The Wise County Messenger has been printed in Decatur since 1880.

==Parks and recreation==
- Kenny Renshaw Park features soccer fields, softball fields, a playground, and a walking trail.
- Wagoner Branch, Sweetwater Creek, Walnut Creek, Deep Creek and Center Creek, natural creeks flowing through Decatur.

==Education==
The City of Decatur is served by the Decatur Independent School District (DISD), the largest district in Wise County. Decatur ISD is centered in Decatur and has six campuses: Decatur High School, McCarroll Middle School, Carson Elementary School, Rann Elementary School, and Young Elementary.
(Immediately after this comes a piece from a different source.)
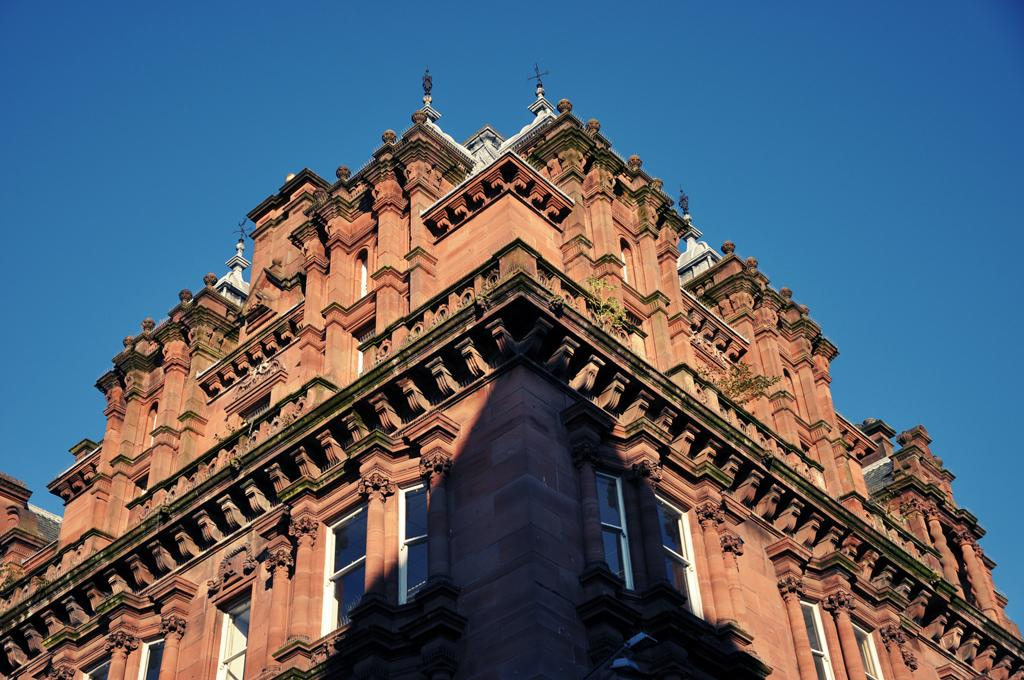What type of structure is present in the image? There is a building in the image. What feature of the building is mentioned in the facts? The building has windows. What can be seen in the background of the image? The sky is visible in the background of the image. What color is the sky in the image? The color of the sky is blue. How many basketballs can be seen on the roof of the building in the image? There are no basketballs present in the image, as it only features a building with windows and a blue sky in the background.

During the 2010–2011 school year, Decatur ISD had 3,011 students enrolled.

Weatherford College has a branch campus in Decatur.

==Infrastructure==
===Airport===
- Decatur Municipal Airport is a city-owned public-use airport located 2 miles north of the central business district.
- Bishop Airport is a privately owned public-use airport located 6 miles east of the central business district of Decatur.

===Emergency services===
Lifeteam 68, of the Air Evac Lifeteam air ambulance company, is based at Medical City Decatur Hospital in Decatur.

==Notable people==
- Trevor Brazile, world champion rodeo cowboy
- Roy Cooper and Tuf Cooper: father/son world champion rodeo cowboys
- Bryce Elder, starting pitcher for the Atlanta Braves
- John E. Hatley, former Master Sergeant in the U.S. Army; convicted of murdering four Iraqi detainees
- Mike Lee, world champion bull rider
- José Vitor Leme, world champion bull rider
- James Maness, professional football player
- Joseph Fort Newton, minister, author
- Tom Pickett, 19th-century cowboy, lawman, outlaw
- William Raborn, Director of the Central Intelligence Agency
- Texas Ruby, country music singer
- Phil Ryan, Texas Ranger, three-term Wise County sheriff
- Samuel M. Sampler, recipient of the Medal of Honor for his actions during World War I
- Belle Hunt Shortridge (1858–1893), author
- Tommy Tatum, professional baseball player
- João Ricardo Vieira, professional bull rider
- Guinn Williams, U.S. Representative from Texas
- Guinn "Big Boy" Williams, Western movie star

==In popular culture==
- "Eighter from Decatur" is a slang phrase used by craps shooters who want to roll an eight, as well as the title of a song (minus the "e" in eighter) by Western Swing legend Bob Wills. In 1949, Decatur mayor Syl Hardwick added the phrase to two signs welcoming tourists to the town.